Dauerstress versetzt den Körper in Alarmbereitschaft. Stehen wir unter Druck, können wir nicht mehr klar denken – und werden immer vergesslicher.

Akuter Stress mobilisiert kurzzeitig unsere Energiereserven und macht den Körper leistungsfähig und reaktionsbereit. Anhaltender Stress hingegen setzt der körperlichen und psychischen Gesundheit zu. Nicht nur das Risiko für Erkrankungen steigt. Auch die Gehirnleistung reduziert sich: Konzentration und Lernfähigkeit nehmen ab, Vergesslichkeit nimmt zu.

Bei Stress schaltet der Körper in den Überlebensmodus

Registriert der Körper Situationen als bedrohlich, überfordernd oder beängstigend, gerät er in Alarmbereitschaft und schüttet Stresshormone wie Adrenalin, Noradrenalin und Cortisol in größeren Mengen aus. Dies dient der Vorbereitung auf Kampf oder Flucht. Auf diese Weise ist es möglich, rasch auf die Herausforderung der Stresssituation zu reagieren. Ab wann sich ein Mensch gestresst oder in einer Situation überfordert oder gar bedroht fühlt, ist individuell verschieden. Jeder hat seine persönliche Belastungsgrenze.

"Bei akutem Stress beginnt das Herz schneller zu schlagen, der Atem beschleunigt sich, mehr Sauerstoff wird aufgenommen, der Blutdruck steigt, Glukose wird bereitgestellt und die Muskeln spannen sich an. Auch die Aufmerksamkeit ist fokussiert. Wir sind hoch konzentriert, um gezielt auf eine mögliche Gefahr reagieren zu können", erklärt Dr. Andreas Hagemann, Facharzt für Psychiatrie und Psychotherapie und Ärztlicher Direktor der unter anderem auf Burn-out und Stresserkrankungen spezialisierten Privatkliniken Duisburg, Eschweiler und Merbeck.

Dr. Andreas Hagemann
Dr. Andreas Hagemann (Quelle: privat)

Zur Person

Dr. Andreas Hagemann ist Facharzt für Psychiatrie und Psychotherapie und Ärztlicher Direktor der unter anderem auf Burn-out und Stresserkrankungen spezialisierten Privatkliniken Duisburg, Eschweiler und Merbeck.

Akuter Stress und das Gehirn

Unter akutem Stress können Menschen viel leisten: etwa die schwierige Klausur schaffen, einen Vortrag meistern, das Projekt unter Zeitdruck erfolgreich zu Ende bringen, viele Termine gut koordinieren oder andere private und berufliche Herausforderungen stemmen. Doch die Leistungsfähigkeit hat ihre Grenzen. Wird der Stress zu groß, besteht das Risiko eines Zusammenbruchs oder Blackouts. Der ein oder andere hat es vielleicht schon einmal erlebt: Plötzlich ist der Kopf leer und man kann auf das Wissen nicht mehr zugreifen. Oder es kommt zu unerwarteten emotionalen Reaktionen mit Weinen oder Wut.

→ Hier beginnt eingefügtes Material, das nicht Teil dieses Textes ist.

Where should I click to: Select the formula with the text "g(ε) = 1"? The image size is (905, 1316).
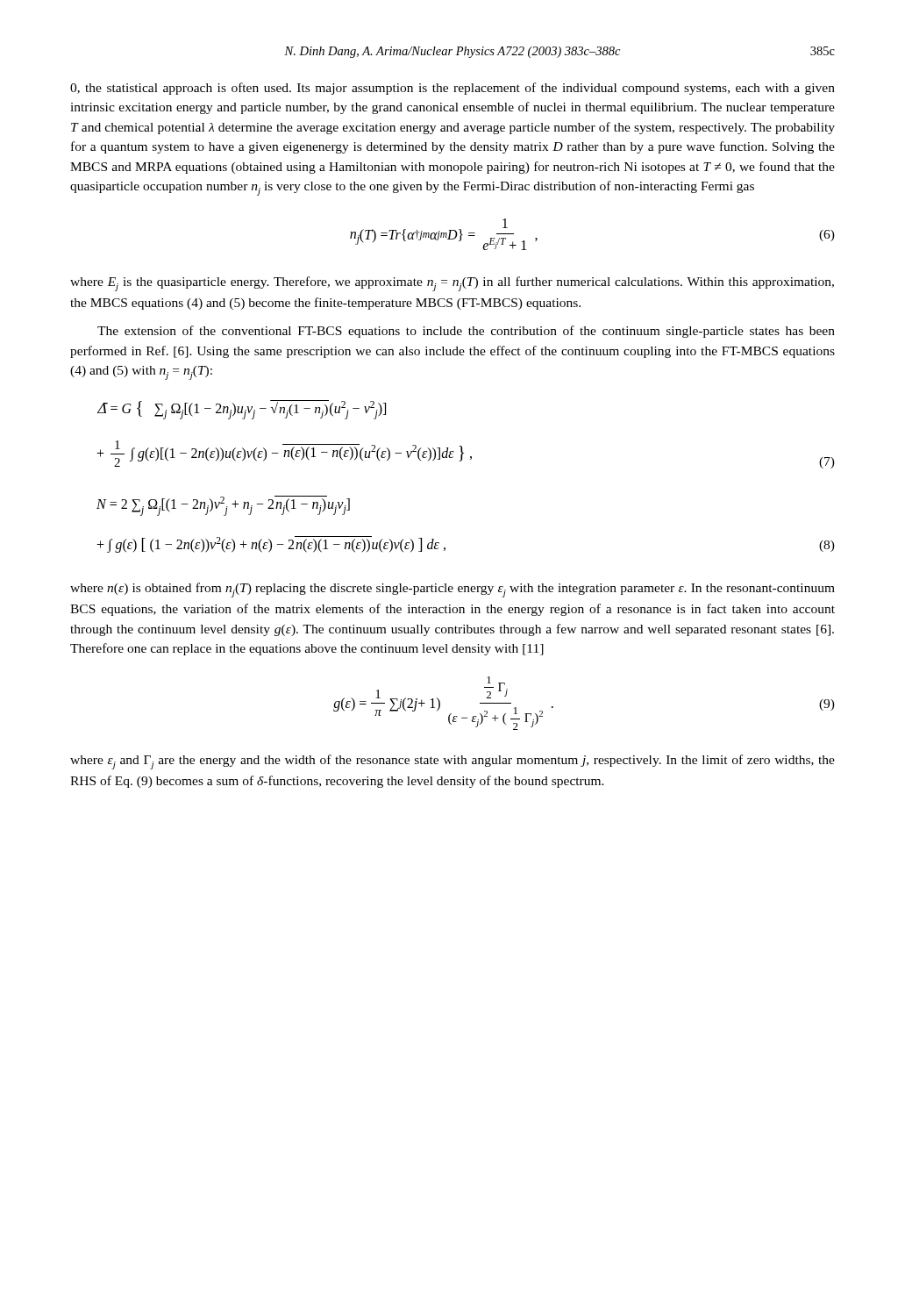(584, 703)

Je nach Stressintensität sind verschiedene Gehirnbereiche besonders aktiv oder eben eingeschränkt. "Je stärker das individuelle Stresslevel ist, desto näher bewegen wir uns, vereinfacht ausgedrückt, in Richtung des limbischen Systems, auch Reptiliengehirn genannt, dem ältesten Bereich des Gehirns. Dort werden die Überlebensfunktionen gesteuert. Einmal in diesem Notfallmodus angekommen, können wir nicht mehr klar denken und entscheiden – und auch Situationen nicht mehr klar einschätzen", erklärt Hagemann. "Wir reagieren, statt bewusst zu handeln. Statt den Vortrag auf der Bühne zu präsentieren, kann es passieren, dass wir aus dem Stressimpuls heraus von der Bühne rennen, ehe wir wissen, was wir tun."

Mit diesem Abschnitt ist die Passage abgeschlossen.